A company has a Kinesis Data Firehose delivery stream that receives JSON data from IoT devices. The data is delivered to an S3 bucket. The company notices that the data in S3 is delayed by up to 30 minutes. The Firehose stream is configured with a buffer size of 1 MB and a buffer interval of 60 seconds. The incoming data rate is approximately 100 KB per second. The company needs to reduce the delivery latency to under 5 minutes. Which action should the company take?
Smaller buffer size causes more frequent deliveries, reducing latency.
Why this answer
Option B is correct because reducing the buffer interval to 60 seconds (already set) is not enough; the actual issue is that buffer size is too large relative to data rate. Decreasing buffer interval to 60 seconds is already set, but they need to also reduce buffer size or increase data rate. Actually, the correct action is to decrease the buffer size to 1 MB (already) and decrease buffer interval to 60 seconds (already).

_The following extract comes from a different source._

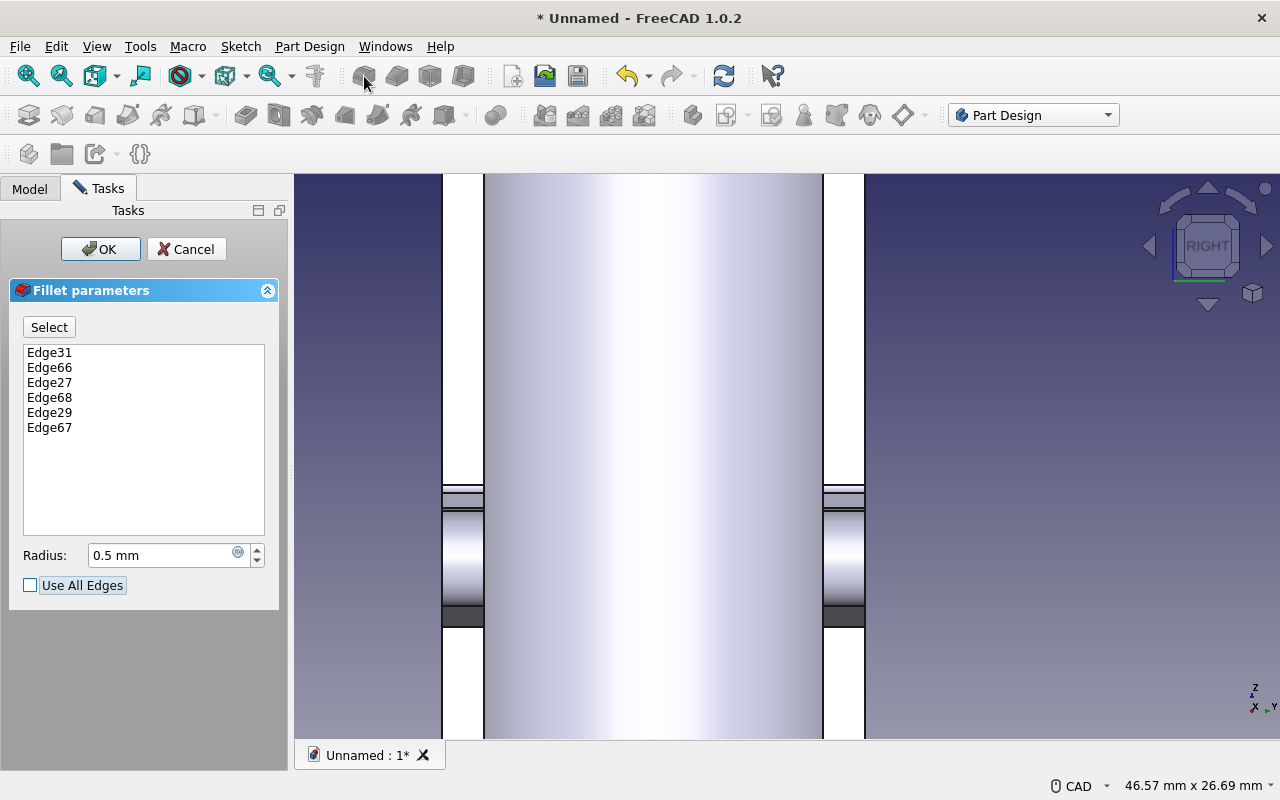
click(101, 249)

Wait, the latency is due to buffer interval of 60 seconds? No, the problem states latency up to 30 minutes. That suggests that the buffer interval is not the only factor; maybe the data rate is low. Actually, with 100 KB/s, it takes about 10 seconds to fill 1 MB buffer.
So buffer interval of 60 seconds should cause latency up to 60 seconds. The 30-minute delay suggests another issue. Perhaps the Firehose is waiting for more data or there is a backlog.
The correct answer is to decrease the buffer interval to 60 seconds (already) and also decrease the buffer size? Actually, option B says decrease buffer size to 256 KB? That would cause more frequent deliveries and reduce latency. Option A is wrong because increasing buffer interval would increase latency. Option C is wrong because changing compression format does not affect latency.
Option D is wrong because using Lambda adds processing time.